→ Problem to solve
Return, word for word, the lines of the listing below from the one with "text Groningen, 3" through the one with "text – Witwassen", and no other lines.

→ Information given
═══

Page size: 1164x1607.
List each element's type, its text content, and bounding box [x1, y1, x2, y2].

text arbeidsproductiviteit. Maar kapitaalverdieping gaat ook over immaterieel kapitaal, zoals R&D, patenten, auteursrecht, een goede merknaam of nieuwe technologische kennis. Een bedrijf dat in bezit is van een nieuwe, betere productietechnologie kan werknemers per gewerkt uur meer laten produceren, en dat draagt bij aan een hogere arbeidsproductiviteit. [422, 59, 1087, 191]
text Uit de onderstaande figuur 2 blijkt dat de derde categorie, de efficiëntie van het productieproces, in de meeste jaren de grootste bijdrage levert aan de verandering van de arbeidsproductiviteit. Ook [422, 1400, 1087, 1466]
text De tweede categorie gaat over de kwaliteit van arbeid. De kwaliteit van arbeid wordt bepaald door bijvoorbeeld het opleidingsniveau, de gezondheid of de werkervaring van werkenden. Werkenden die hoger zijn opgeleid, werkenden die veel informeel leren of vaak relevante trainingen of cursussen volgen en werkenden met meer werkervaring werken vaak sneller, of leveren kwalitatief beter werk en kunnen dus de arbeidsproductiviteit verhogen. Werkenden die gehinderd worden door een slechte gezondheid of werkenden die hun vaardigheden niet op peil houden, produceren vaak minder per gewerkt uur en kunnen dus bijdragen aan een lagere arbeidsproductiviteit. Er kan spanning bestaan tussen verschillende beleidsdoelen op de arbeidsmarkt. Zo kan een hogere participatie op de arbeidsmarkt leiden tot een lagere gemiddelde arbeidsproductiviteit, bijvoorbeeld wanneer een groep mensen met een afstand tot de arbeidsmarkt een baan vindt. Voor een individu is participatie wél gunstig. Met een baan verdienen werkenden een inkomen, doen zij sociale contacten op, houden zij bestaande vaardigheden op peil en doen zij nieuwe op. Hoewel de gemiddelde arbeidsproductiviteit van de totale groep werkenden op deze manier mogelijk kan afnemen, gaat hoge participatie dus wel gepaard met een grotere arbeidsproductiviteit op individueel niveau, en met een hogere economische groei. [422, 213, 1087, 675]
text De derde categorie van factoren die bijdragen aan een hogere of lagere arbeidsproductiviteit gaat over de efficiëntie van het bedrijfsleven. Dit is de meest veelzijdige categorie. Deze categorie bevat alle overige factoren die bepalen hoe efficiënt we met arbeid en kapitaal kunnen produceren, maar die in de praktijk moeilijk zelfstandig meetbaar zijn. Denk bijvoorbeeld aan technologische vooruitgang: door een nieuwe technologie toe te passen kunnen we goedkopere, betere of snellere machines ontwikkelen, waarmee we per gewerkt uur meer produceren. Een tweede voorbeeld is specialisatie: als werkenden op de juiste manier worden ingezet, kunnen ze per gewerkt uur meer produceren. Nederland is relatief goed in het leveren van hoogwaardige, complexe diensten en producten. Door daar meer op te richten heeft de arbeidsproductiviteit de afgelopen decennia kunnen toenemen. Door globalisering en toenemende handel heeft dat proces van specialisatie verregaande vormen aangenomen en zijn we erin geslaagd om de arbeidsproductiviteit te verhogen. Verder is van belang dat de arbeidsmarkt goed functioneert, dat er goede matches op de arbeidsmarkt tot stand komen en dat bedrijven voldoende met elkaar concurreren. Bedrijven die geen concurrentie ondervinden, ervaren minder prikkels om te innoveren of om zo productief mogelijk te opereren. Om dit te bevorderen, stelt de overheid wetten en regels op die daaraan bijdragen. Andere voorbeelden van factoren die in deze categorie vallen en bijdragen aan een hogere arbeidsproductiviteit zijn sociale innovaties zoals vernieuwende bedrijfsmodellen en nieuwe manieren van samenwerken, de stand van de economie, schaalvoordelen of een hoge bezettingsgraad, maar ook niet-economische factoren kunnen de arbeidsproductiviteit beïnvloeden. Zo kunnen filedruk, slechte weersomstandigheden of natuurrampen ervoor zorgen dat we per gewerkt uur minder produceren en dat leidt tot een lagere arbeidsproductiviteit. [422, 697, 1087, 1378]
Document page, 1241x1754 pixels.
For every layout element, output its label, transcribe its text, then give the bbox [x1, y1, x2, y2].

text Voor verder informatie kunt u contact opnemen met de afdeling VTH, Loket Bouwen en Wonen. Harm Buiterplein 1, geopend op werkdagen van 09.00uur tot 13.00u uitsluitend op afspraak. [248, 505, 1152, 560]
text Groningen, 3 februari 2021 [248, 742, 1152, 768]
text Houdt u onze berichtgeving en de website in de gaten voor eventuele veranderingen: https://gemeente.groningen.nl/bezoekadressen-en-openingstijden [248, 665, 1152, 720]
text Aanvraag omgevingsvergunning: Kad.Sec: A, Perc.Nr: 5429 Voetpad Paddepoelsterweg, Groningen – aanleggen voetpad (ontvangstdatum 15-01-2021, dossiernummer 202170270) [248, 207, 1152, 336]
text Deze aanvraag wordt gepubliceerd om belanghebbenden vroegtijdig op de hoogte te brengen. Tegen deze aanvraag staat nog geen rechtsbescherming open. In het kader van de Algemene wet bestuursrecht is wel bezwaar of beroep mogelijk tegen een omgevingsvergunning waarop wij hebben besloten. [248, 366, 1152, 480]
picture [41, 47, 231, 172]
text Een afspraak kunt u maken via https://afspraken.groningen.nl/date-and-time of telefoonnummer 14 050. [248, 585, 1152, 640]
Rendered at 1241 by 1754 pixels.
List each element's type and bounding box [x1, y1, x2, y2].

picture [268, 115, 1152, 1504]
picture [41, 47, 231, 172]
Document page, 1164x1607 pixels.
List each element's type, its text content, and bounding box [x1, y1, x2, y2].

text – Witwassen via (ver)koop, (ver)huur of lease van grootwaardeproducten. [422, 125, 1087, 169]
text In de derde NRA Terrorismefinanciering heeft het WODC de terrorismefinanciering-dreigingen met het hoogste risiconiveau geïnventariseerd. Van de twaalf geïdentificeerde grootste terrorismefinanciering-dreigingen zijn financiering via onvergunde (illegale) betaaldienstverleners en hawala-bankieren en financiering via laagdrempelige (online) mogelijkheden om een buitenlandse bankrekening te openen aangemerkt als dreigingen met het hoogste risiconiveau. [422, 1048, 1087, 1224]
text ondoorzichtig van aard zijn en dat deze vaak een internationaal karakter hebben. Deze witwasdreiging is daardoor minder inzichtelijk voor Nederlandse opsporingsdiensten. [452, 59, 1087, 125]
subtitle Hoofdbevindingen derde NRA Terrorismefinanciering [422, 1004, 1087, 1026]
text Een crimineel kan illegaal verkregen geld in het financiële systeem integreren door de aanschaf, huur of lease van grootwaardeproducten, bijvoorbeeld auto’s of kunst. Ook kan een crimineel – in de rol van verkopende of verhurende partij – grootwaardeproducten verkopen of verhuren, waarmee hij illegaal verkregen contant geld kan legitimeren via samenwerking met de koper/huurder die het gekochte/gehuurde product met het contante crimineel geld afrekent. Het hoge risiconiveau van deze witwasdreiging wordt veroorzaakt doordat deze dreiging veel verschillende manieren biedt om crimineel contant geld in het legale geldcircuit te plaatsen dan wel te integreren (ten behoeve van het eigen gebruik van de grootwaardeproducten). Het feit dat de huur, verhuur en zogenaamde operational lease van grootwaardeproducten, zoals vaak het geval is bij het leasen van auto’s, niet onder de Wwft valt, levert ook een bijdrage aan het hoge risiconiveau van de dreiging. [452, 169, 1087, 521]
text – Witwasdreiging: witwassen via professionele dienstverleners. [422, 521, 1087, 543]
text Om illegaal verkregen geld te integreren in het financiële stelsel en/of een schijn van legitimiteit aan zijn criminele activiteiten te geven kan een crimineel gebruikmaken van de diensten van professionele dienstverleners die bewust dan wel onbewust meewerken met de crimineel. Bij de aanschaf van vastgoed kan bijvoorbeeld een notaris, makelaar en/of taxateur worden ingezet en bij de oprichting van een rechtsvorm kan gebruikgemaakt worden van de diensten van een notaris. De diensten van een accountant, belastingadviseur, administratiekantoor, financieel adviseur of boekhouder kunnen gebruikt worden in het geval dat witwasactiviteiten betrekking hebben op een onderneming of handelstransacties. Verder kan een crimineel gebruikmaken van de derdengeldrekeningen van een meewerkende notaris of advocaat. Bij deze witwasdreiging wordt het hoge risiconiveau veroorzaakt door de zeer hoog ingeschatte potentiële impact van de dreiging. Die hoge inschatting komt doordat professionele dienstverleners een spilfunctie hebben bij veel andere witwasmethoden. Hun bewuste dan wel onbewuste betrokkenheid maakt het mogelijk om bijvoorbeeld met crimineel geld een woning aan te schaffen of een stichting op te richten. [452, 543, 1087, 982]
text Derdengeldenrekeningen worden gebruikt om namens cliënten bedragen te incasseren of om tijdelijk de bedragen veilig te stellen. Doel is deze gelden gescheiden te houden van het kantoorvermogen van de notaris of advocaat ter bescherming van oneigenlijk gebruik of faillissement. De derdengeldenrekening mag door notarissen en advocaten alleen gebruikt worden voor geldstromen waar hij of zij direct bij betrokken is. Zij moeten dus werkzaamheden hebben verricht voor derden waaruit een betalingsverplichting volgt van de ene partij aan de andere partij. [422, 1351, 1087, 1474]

═══

→ Solved problem
text Groningen, 3 februari 2021 [248, 742, 1152, 768]
text Houdt u onze berichtgeving en de website in de gaten voor eventuele veranderingen: https://gemeente.groningen.nl/bezoekadressen-en-openingstijden [248, 665, 1152, 720]
text Aanvraag omgevingsvergunning: Kad.Sec: A, Perc.Nr: 5429 Voetpad Paddepoelsterweg, Groningen – aanleggen voetpad (ontvangstdatum 15-01-2021, dossiernummer 202170270) [248, 207, 1152, 336]
text Deze aanvraag wordt gepubliceerd om belanghebbenden vroegtijdig op de hoogte te brengen. Tegen deze aanvraag staat nog geen rechtsbescherming open. In het kader van de Algemene wet bestuursrecht is wel bezwaar of beroep mogelijk tegen een omgevingsvergunning waarop wij hebben besloten. [248, 366, 1152, 480]
picture [41, 47, 231, 172]
text Een afspraak kunt u maken via https://afspraken.groningen.nl/date-and-time of telefoonnummer 14 050. [248, 585, 1152, 640]
Rendered at 1241 by 1754 pixels.
List each element's type and bounding box [x1, y1, x2, y2].

picture [268, 115, 1152, 1504]
picture [41, 47, 231, 172]
Document page, 1164x1607 pixels.
List each element's type, its text content, and bounding box [x1, y1, x2, y2].

text – Witwassen via (ver)koop, (ver)huur of lease van grootwaardeproducten. [422, 125, 1087, 169]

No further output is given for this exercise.